The conclusion such children arrive at regarding inherent worth is a completely logical conclusion, based on the attitude his or her caregivers consistently display in regards to feelings. This rational, yet unconscious conclusion that the child arrives at is what is referred to as a distorted core belief. It is distorted because, although it is a relative truth, given the child’s current environment (in his family, his feelings really are viewed and treated as devoid of inherent value), it is not the broader reality.

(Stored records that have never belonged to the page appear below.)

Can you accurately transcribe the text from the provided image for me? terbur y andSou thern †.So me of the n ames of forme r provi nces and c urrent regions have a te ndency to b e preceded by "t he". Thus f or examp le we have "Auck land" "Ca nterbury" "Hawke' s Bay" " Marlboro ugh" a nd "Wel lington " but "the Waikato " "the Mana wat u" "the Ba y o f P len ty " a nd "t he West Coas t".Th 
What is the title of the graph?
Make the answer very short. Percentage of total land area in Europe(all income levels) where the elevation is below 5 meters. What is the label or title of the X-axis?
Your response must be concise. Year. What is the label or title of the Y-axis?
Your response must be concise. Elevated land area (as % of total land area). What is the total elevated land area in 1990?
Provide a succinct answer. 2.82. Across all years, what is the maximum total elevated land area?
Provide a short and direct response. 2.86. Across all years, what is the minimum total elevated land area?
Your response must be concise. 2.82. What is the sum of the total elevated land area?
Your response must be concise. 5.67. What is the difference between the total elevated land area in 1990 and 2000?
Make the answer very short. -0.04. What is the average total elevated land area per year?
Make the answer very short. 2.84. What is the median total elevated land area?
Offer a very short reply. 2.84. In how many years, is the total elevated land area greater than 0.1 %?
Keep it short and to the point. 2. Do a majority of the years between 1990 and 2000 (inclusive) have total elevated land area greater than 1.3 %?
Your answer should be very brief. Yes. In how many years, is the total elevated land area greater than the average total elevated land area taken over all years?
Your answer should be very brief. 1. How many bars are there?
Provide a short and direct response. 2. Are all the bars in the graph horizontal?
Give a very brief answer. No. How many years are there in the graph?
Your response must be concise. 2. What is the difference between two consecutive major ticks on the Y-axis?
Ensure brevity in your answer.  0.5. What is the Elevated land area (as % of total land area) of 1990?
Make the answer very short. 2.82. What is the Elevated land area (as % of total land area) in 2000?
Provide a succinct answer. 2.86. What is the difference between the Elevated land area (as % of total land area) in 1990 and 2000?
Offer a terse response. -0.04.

Such fundamental, underlying conclusions are arrived at relatively quickly for use in getting started at navigating life. They get filed away and never questioned again. Future beliefs, or knowledge, will be layered over this and directly influenced by it — which means all of those conclusions have the potential to end up distorted as well.
Second Disastrous Result
The child stops volunteering emotional intimacy (emotional honesty) to his or her caregivers, as well as to others.
This will continue throughout the child’s entire life. The child will live his or her whole life in total solitude with his or her authentic emotions. He or she will keep them safely private and out of reach from family, best friends, girlfriends, spouses, lovers, and children. This will translate into severe intimacy deficiency, cold marriages, inability to feel empathy, lies, secrets, double lives, a fierce unwillingness to even consider seeking out help from others (his parents’ attitudes taught him this only leads to rejection of feelings, embarrassment, humiliation, and shame).
This is also where the personality-disorder part of the disorder comes in. Instead of feeling comfortable enough to allow their true personalities to show (which is really just another way of saying that you are open and comfortable with your feelings), and therefore mature, those with Borderline Personality Disorder keep them hidden, and instead try to give everybody a superficial version of themselves, which they believe will be more readily embraced. (This is in fact the explanation for the ‘mirroring’, or ‘chameleon’, feature of the disorder sometimes talked about. Because they perceive feelings as shameful, which is something inseparable from one’s identity, folks with the disorder instead observe the personality traits of other people who they consider to be well-liked and accepted. They then ‘borrow’ aspects of these persons’ personalities in an attempt to improve their own odds of greater acceptance and admiration.)
All of the naturally-occurring effects which sprout directly from the unhealthy, underlying misperceptions about the very nature of feelings and whether their value is an inherent quality or not, are what is known as Borderline Personality Disorder.